I often come across problems with overdispersed poisson-distributed data. For example time series of counts of animals in a given area, e.g. one count per year over 30 years. In these situations it makes sense to me to model these using a gaussian observation level error, a logarithmical link function and a poisson likelihood. The gaussian error would for example represent the effect of weather.
In practice I have the problem that the hyperparameter that controls the size of the observation level errors can vary over several orders of magnitude, which leads to sampling problems. (also with non-centered parameterisations)
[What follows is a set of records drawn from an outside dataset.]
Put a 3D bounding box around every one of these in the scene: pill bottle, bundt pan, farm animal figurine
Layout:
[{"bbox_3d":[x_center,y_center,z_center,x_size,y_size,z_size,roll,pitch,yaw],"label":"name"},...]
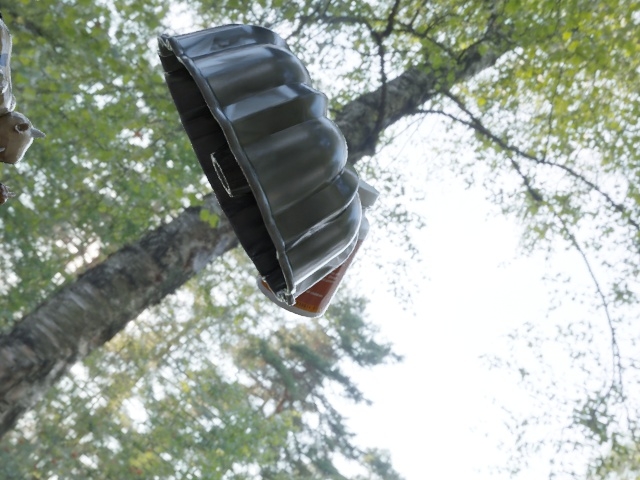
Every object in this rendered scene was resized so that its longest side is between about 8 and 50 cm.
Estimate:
[{"bbox_3d":[0.000,0.000,1.008,0.121,0.121,0.216,32,-76,11],"label":"pill bottle"},{"bbox_3d":[-0.059,-0.098,0.756,0.330,0.124,0.330,59,-13,22],"label":"bundt pan"},{"bbox_3d":[-0.521,-0.202,1.007,0.330,0.172,0.326,38,-53,48],"label":"farm animal figurine"}]
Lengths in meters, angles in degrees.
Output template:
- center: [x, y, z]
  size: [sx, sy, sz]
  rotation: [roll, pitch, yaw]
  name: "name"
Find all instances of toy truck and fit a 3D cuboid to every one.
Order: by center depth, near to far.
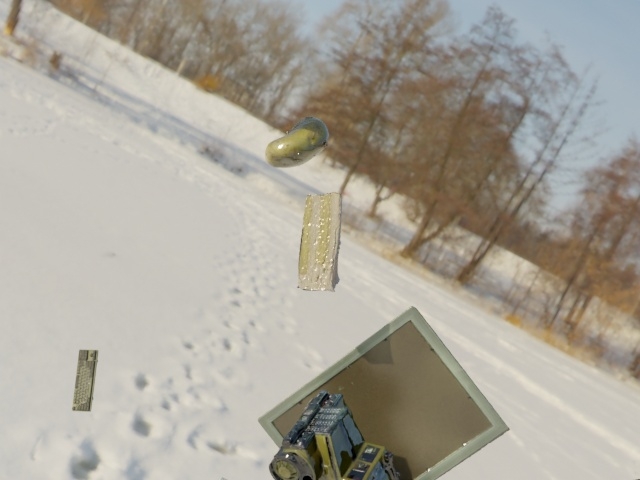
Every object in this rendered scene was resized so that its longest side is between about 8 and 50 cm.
- center: [0.040, 0.312, 0.996]
  size: [0.127, 0.257, 0.127]
  rotation: [-11, 21, 34]
  name: "toy truck"

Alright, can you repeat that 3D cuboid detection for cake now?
- center: [0.000, 0.000, 1.016]
  size: [0.052, 0.121, 0.065]
  rotation: [5, 2, 10]
  name: "cake"

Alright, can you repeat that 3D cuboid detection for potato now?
- center: [-0.041, -0.176, 1.535]
  size: [0.070, 0.138, 0.092]
  rotation: [56, -30, -10]
  name: "potato"

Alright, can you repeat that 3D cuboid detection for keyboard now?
- center: [-0.492, 0.292, 1.737]
  size: [0.049, 0.129, 0.015]
  rotation: [-3, -15, 27]
  name: "keyboard"

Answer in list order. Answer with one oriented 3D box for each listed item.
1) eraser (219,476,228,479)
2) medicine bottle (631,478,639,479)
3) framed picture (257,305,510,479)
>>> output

I’ve thus recently started trying to approximately integrate out the observation level error, using two different approaches. Basically the idea is to create a custom _lpmf function that includes both the poisson and the gaussian component. But developing them is quite time intensive so I wonder if a solution might already be out there.
Do you know of any existing solutions?
For example I’ve heard of a laplace integrator that has or is beeing developed in stan, but couldn’t find much info about it. Also I wonder whether someone might already have coded a custom lmpf-function that uses an analytical approximation.
Just for completeness:
My first approach is to just use a, not very smart, grid based integrator.
The second approach is to approximate the distribution by a mixture of a negative binomial distribution and a lognormal distribution. This probably would work quite well for high numbers of animals, but for low numbers it fails because the lognormal distribution is continuous while my data is discrete.